Publication Date: 20260512
Application Date: 20260127

Claims (9)

1. A commodity recommendation method based on federal deep reinforcement learning is characterized by comprising the following steps: obtaining local user data, wherein the local user data comprises user ID, commodity ID and commodity grading of a user; The method comprises the steps of constructing a commodity recommendation frame based on a federal deep reinforcement learning model, wherein the commodity recommendation frame comprises a cloud center and a plurality of sub-content service centers, each sub-content service center stores local user data, each sub-content service center corresponds to a local federal deep reinforcement learning model and is recorded as a local model, and the local model adopts a DNN model; Constructing commodity grading matrixes according to the local user data stored in each sub-content service center, and determining commodity grading vectors of each sub-content service center according to the commodity grading matrixes; Training the local models according to commodity grading vectors, wherein the training comprises the steps of inputting commodity grading vectors into the local models, outputting absolute errors of commodity prediction grades corresponding to each commodity grading vector and commodity real grades, marking the absolute errors as single-step action rewards, summing the single-step action rewards of all commodity grading vectors in each local model, taking an average value to obtain global action rewards of all local models, collecting the global action rewards of all local models through a cloud center, and carrying out weighted average on the global action rewards to obtain global network parameters; Inputting the target user ID and the target commodity ID into a commodity recommendation frame of the trained local model, outputting commodity prediction scores of the target user on the target commodity, and obtaining commodity recommendation results.
2. The commodity recommendation method based on federal deep reinforcement learning according to claim 1, wherein the determining commodity scoring vector of each sub-content service center according to the commodity scoring matrix comprises: The method comprises the steps of constructing a first commodity grading vector based on the grading of nearest neighbor users of each user in a commodity grading matrix of the user, constructing a second commodity grading vector based on the grading of nearest neighbor commodities of each commodity in the commodity grading matrix of the user, combining the first commodity grading vector with the second commodity grading vector to obtain a commodity grading vector, wherein the first commodity grading vector is used for reflecting interest similarity among users, the second commodity grading vector is used for reflecting attribute similarity among commodities, and the combined commodity grading vector comprehensively represents cooperative characteristics of commodity pairs of the user.
3. The method for recommending commodity based on federal deep reinforcement learning according to claim 2, wherein when the nearest neighbor commodity or the nearest neighbor commodity is in a missing state, the commodity is fully scored by using the scored nearest neighbor commodity of the user to replace if the user does not score the target commodity, and using the scored nearest neighbor commodity of the commodity to replace if the commodity is not scored by the target user.

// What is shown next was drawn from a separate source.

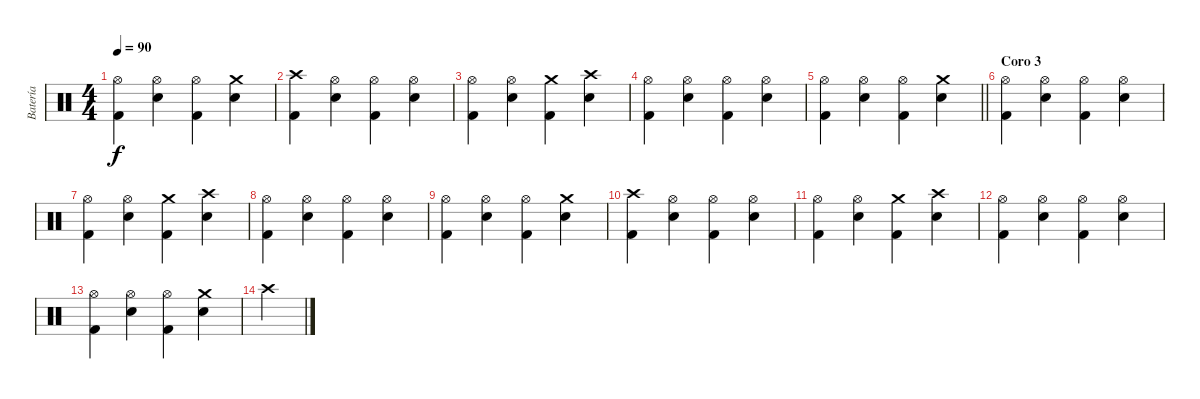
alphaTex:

4. The method for recommending goods based on federal deep reinforcement learning according to claim 1, wherein the local federal deep reinforcement learning model comprises a state space, an action space and a double rewards mechanism; The state space is composed of commodity grading vectors and represents cooperative characteristics of commodity pairs of users, the action space is a commodity prediction grading value set, namely each action corresponds to one grading value, the double-rewarding mechanism comprises single-step action rewards and global action rewards, and the local federal deep reinforcement learning model gradually optimizes grading prediction strategies through interaction processes of the state action rewards.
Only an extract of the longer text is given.